Les médias sociaux et la participation en ligne offrent de nouvelles opportunités mais représentent également des défis pour les partis politiques européens. Quel est l’impact théorique du web sur les partis politiques européens dans la perspective des élections européennes de 2014 ?
Vers un nouveau idéal-type de « cyber » partis politiques européens
Dans une étude sur les partis politiques européens : « All Tomorrow’s Parties: The Changing Face of European Party Politics », Florian Hartleb estime que les « partis de demain » seront des partis « avec plus de participation et moins d’adhésion ».
Au-delà des évolutions idéologiques ou sociologiques correspondant au déclin des partis politiques traditionnels « mainstream » et à l’émergence de nouveaux partis « de niche » (les verts, les partis populistes, le parti pirate…), les évolutions liées au web, qui touchent tous les partis politiques européens, sont particulièrement importantes.
Entre les partis de masse et les partis de niche, un nouvel idéal-type de « cyber » parti politique ou de « parti de réseau » émerge en fondant son mythe de légitimation non plus sur l’adhésion de militants et l’appropriation d’un territoire programmatique mais sur l’action en ligne et le potentiel d’accès à tous les citoyens.
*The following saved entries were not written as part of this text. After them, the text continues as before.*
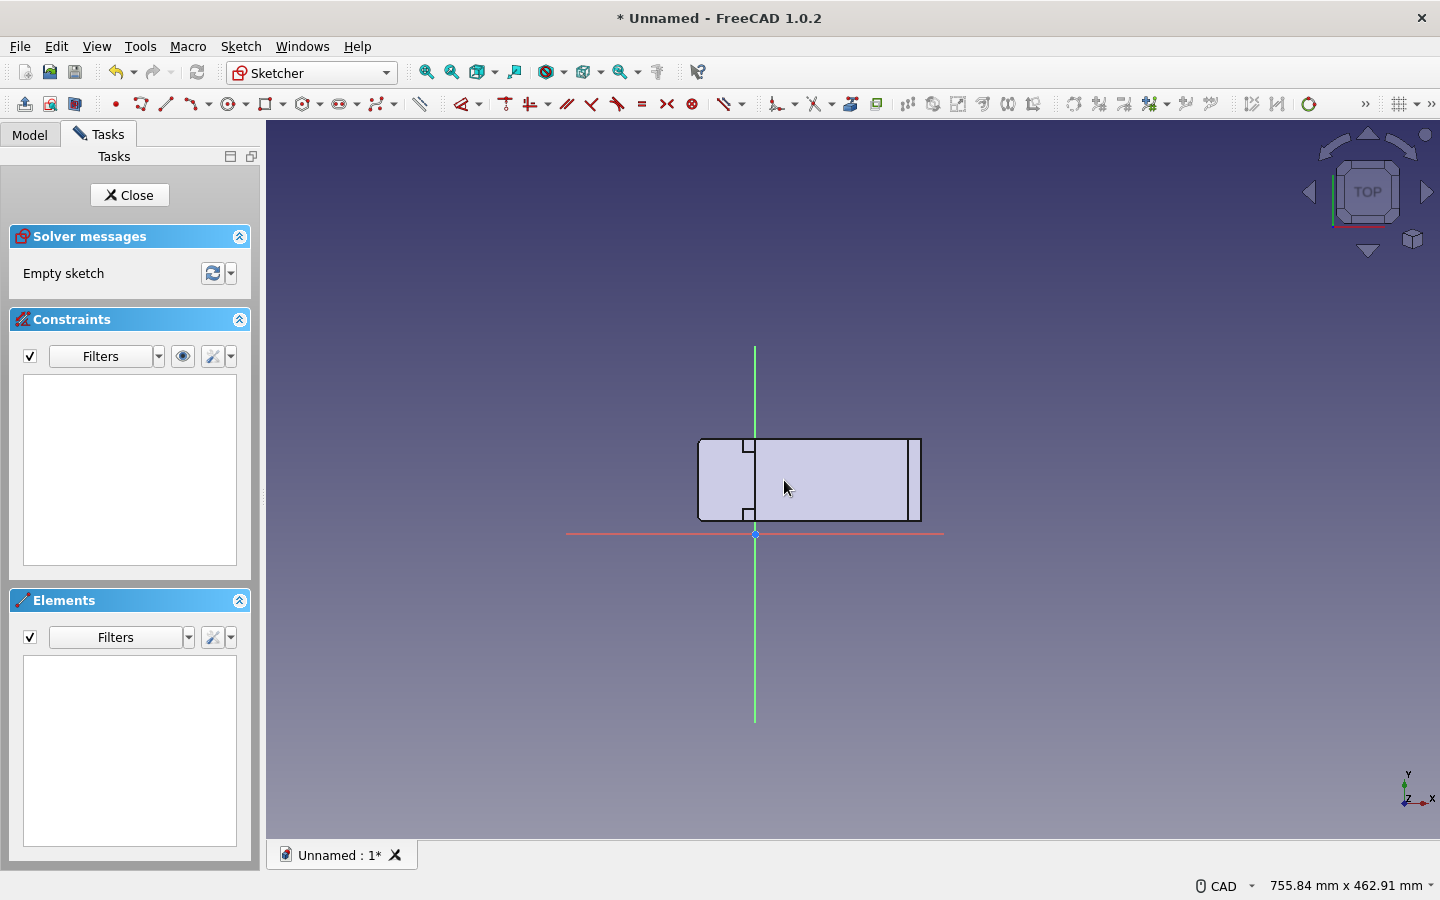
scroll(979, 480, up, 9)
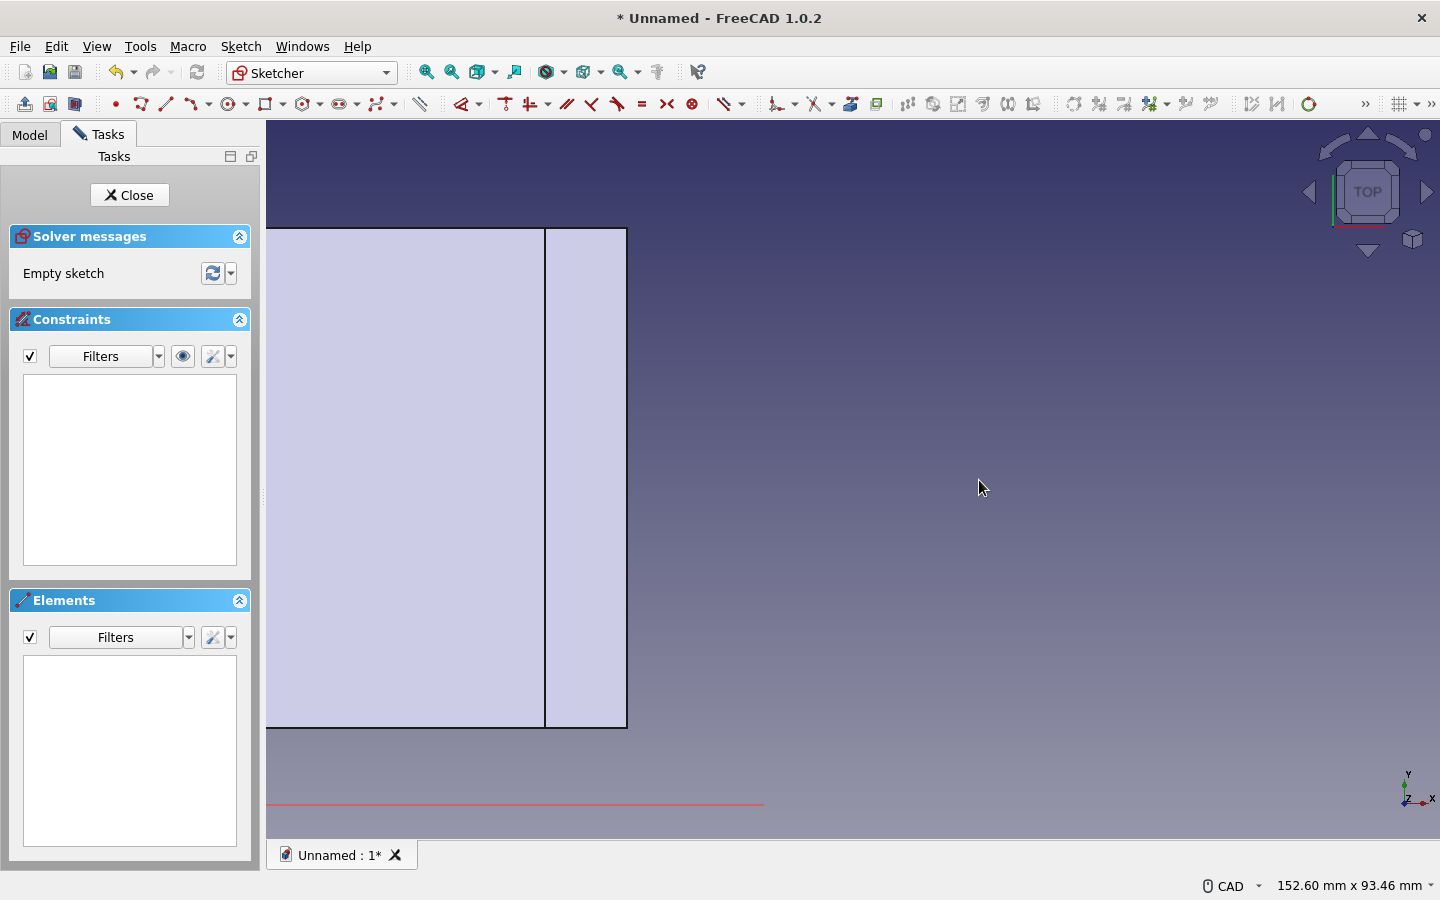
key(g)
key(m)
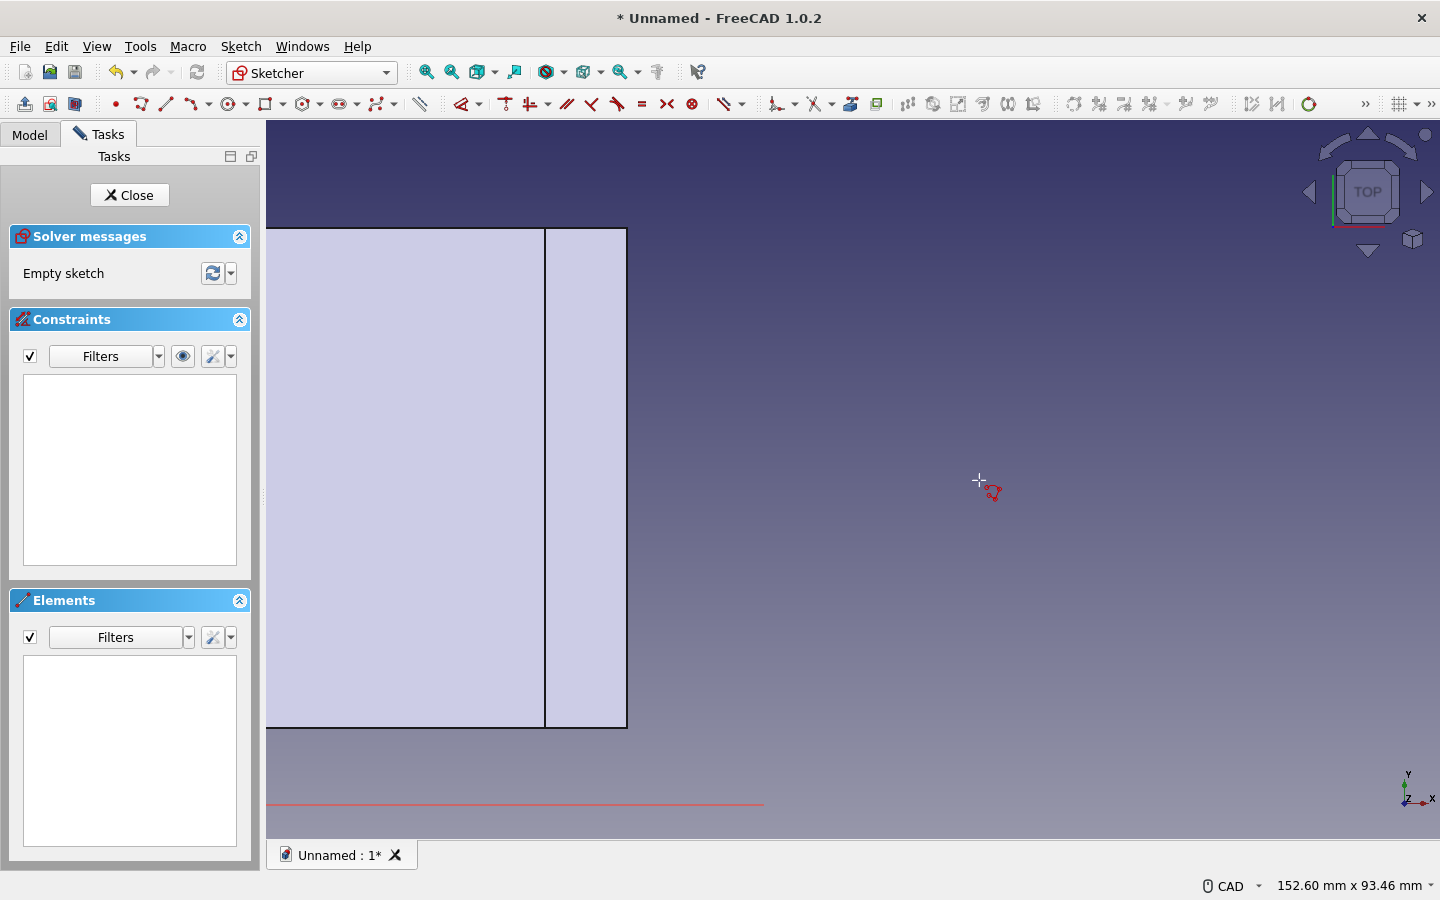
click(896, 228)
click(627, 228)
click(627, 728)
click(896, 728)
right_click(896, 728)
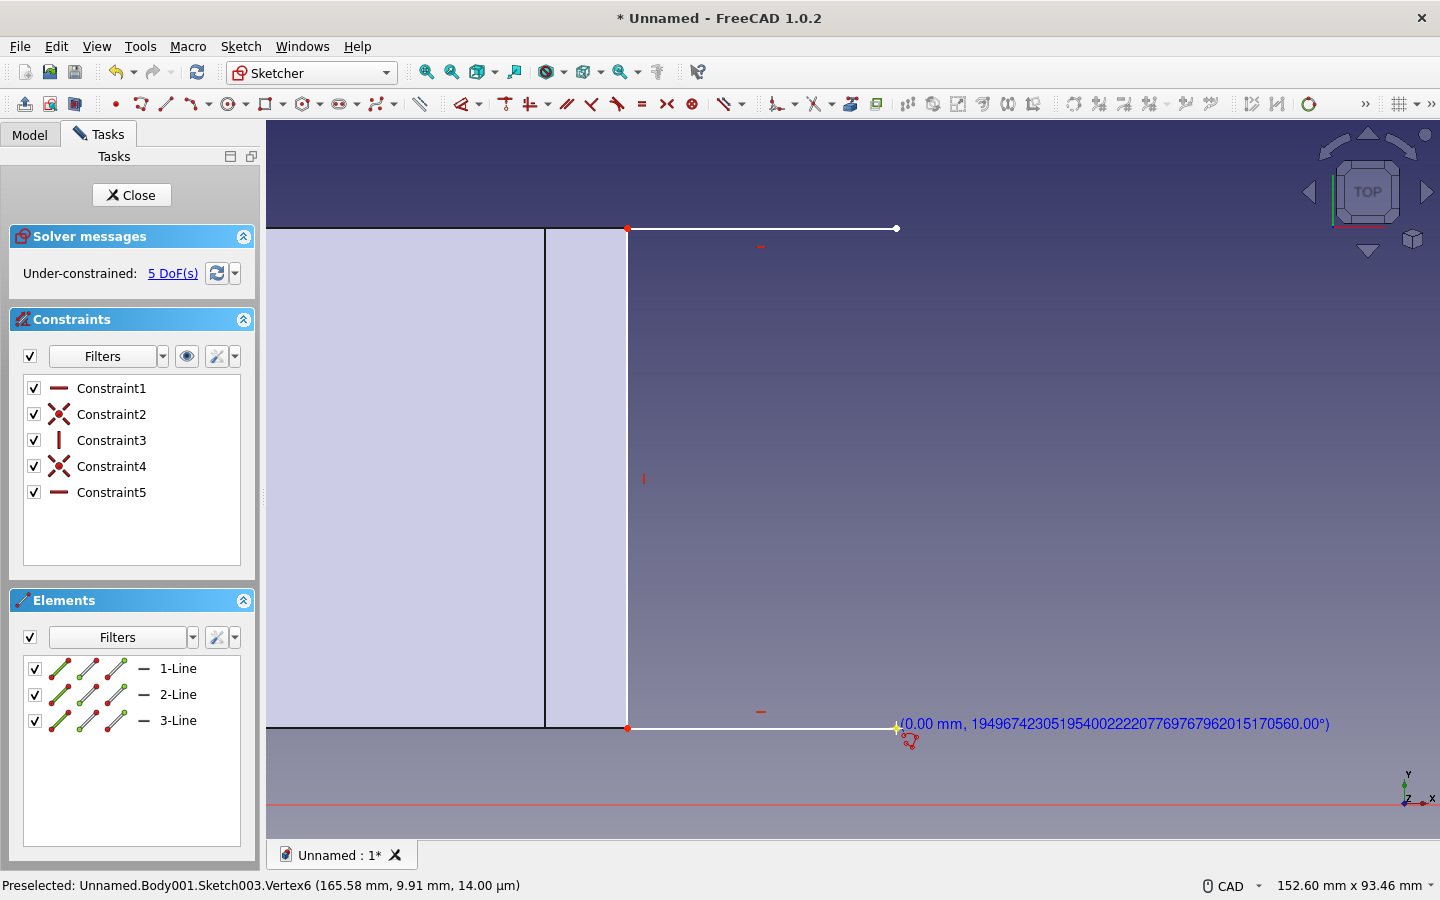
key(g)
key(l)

Dans l’organisation et la participation des citoyens aux processus de décision politique, le modèle du « cyber » parti influence de plus en plus la vie politique. Pourquoi ?
Rôle des médias sociaux : De nos jours, le web social transforme non seulement la communication dans nos vies privées, mais également pour les organisations politiques. Le « cyber » parti offre une palette de choix beaucoup plus large aux citoyens. Les électeurs peuvent désormais interagir de manière nouvelle, à la fois pour promouvoir et pour critiquer les idées des partis politiques.
Communication politique multi-canal : Les partis politiques ont beaucoup plus des moyens de toucher les électeurs, et les nouvelles plateformes sociales (comme Twitter) permettent une communication plus souple et plus diversifiée. L’utilisation du web social soulève également des risques en rendant plus difficile pour un parti d’avoir un agenda constant.
Cycle de l’information en continue : Le flot constant de l’information rend plus difficile aux partis politiques d’établir une présence dans une compétition avec des milliers de sources pour capter une attention limitée des électeurs. Avec l’info en continue, il y a aussi le risque que même de petites erreurs qui auraient pu passer inaperçues auparavant puissent maintenant se retrouver dans les campagnes négatives des rivaux politiques.
Baisse du coût de la mobilisation : Les cyber partis peuvent faire campagne grâce à des méthodes et outils moins coûteux avec les technologies modernes.
Des éléments optimistes (concernant les possibilités de militantisme « virtuel ») et pessimistes (concernant les adhésions « réelles » et la stabilité des électorats)
Les conséquences du modèle de « cyber » parti politique sont ambivalentes :
- Les « cyber-optimistes » décrivent le potentiel démocratique d’internet et mettent l’accent sur l’amélioration de l’accès par internet ;
- Les « cyber-pessimistes » soulignent les menaces potentielles pour la démocratie en termes de représentation institutionnelle traditionnelle.
Cette nouvelle forme de participation politique soulève des questions quant à la viabilité des partis politiques tels qu’ils existent aujourd’hui. Cela pourrait avoir des conséquences dramatiques pour les partis politiques « mainstream » s’ils ne parviennent pas à s’adapter au web.
Quid de la future campagne des élections européennes ?
De grands espoirs sont placés sur le web 2.0. Cependant, il n’y aura pas d’effets miracles. Néanmoins, Facebook et Twitter et quelques autres médias sociaux peuvent contribuer à l’activation et à la mobilisation des membres et des non-membres (déjà politisés).
Le type d’adhésion classique à un parti politique perd de son importance. Les électeurs voteront de plus en plus pour des mouvements absents de la vie politique partisane. Mais, les partis politiques traditionnels ne sont pas pour autant en danger.
Avec moins de pénétration dans la société, la question est de savoir si les partis politiques sont encore légitimes. Pour le rester, le principal défi des partis de demain sera de mettre en œuvre de nouvelles formes de participation réalistes.
Les partis doivent adapter leur communication, tout en maintenant la stabilité, la crédibilité et la fidélité de leur électorat. Dans le cas contraire, les partis politiques seront des véhicules tout simplement interchangeables d’émotions imprévisibles produites par des médias (sociaux) et du marketing, et perdront leurs racines profondes et leurs fonctions dans la société qui est la transformation des intérêts de la population (input) dans le processus de prise de décisions publiques (output).
Au total, les élections européennes de 2014 étaient clés pour la légitimité de l’UE. Internet le sera également pour les partis politiques européens.